São Luís, 02 (AE) - A CPI do Narcotráfico, que há três semanas investiga o envolvimento de deputados, prefeitos delegados, juízes e empresários com o roubo de carretas e tráfico de drogas no Maranhão, retoma os trabalhos amanhã com o depoimento do ex-secretário adjunto de Segurança Pública, João Ribeiro Silva Júnior. Coronel aposentado, Silva Júnior é acusado de ter facilitado, em 1984, a liberação do preso Rirmualdo da Silva, responsável pelo assassinato de Carlindo Sousa.
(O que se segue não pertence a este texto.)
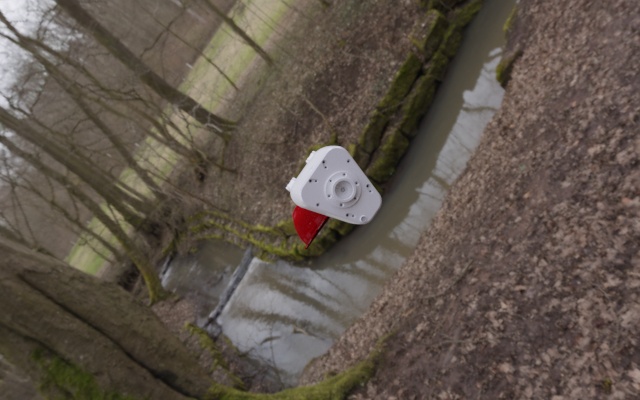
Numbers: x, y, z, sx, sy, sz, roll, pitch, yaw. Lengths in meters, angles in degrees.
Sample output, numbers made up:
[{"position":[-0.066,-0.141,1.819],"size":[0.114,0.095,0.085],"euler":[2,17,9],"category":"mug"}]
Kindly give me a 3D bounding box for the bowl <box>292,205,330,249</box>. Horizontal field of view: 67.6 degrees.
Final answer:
[{"position":[0.000,0.003,0.818],"size":[0.055,0.162,0.162],"euler":[35,2,4],"category":"bowl"}]
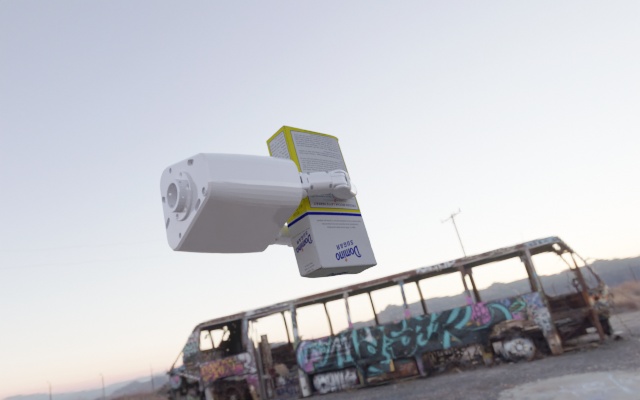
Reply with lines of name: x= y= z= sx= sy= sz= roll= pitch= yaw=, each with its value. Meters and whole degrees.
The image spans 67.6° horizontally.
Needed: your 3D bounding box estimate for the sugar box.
sugar box: x=0.000 y=0.002 z=0.567 sx=0.093 sy=0.176 sz=0.048 roll=4 pitch=-26 yaw=-42
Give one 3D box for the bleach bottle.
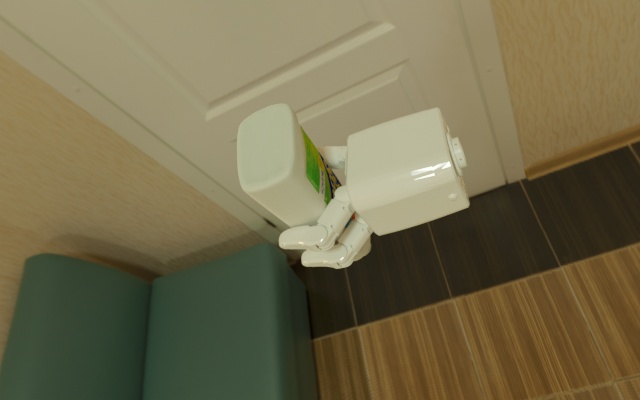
[{"bbox_3d":[0.000,0.002,0.560,0.068,0.102,0.251,-19,-34,19],"label":"bleach bottle"}]
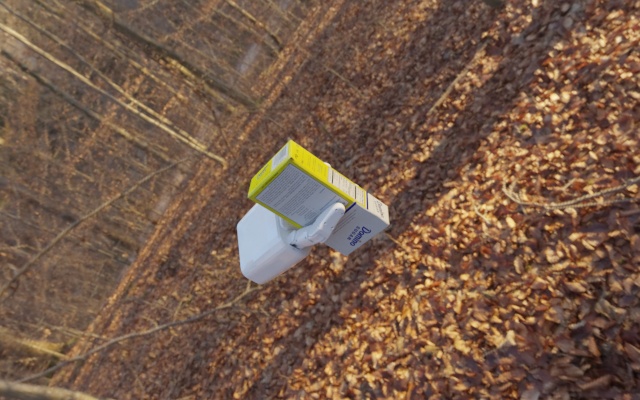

Tanto Rirmualdo como Carlindo eram funcionários da empresa de ônibus São Luís, de propriedade do deputado estadual José Gerardo de Abreu (PPB), principal suspeito de comandar o crime organizado no Estado.
José Gerardo, que estava desaparecido desde a chegada em São Luís da CPI do Narcotráfico, voltou a negar hoje a sua participação em assassinatos, roubos de carretas e tráfico de drogas. "Sou inocente", afirmou o deputado maranhense. "Prefiro morrer a ter que ser preso", avisou. Em entrevista a uma emissora de TV local, Gerardo chegou a exibir um terço que carrega no bolso como "prova" de sua honestidade.
"Sou um homem cristão e não desejo mal ao meu semelhante". O deputado embarcou hoje à tarde para Brasília, onde presta depoimento na quinta-feira à CPI do Narcotráfico. A polícia já identificou até agora nove ônibus da empresa de José Gerardo com os chassis adulterados. A Gerência de Justiça e Segurança Pública encaminhou os veículos irregulares ao Comando Geral da Polícia Militar do Maranhão. O Instituto de Criminalística está fazendo cruzamento de informações com outros Estados para avaliar se os ônibus são roubados.
Depois de ouvir Silva Júnior, A CPI do Crime Organizado reiniciará a sessão com o deputado Francisco Caíca (PSD), cujo depoimento foi interrompido na semana passada porque o parlamentar apresentou problemas de saúde. Caíca é acusado de ser o braço direito de Gerardo em crimes de contravenção. A polícia maranhense já prendeu 23 pessoas suspeitas de envolvimento com o crime organizado e ainda tem mais 18 mandatos de prisão para cumprir. Entre os presos até agora, estão o ex-deputado estadual Hemetério Weba (sem partido), o prefeito Aveny Pacheco, de Amapá do Maranhão, e os delegados Luís Moura e Almir Macedo.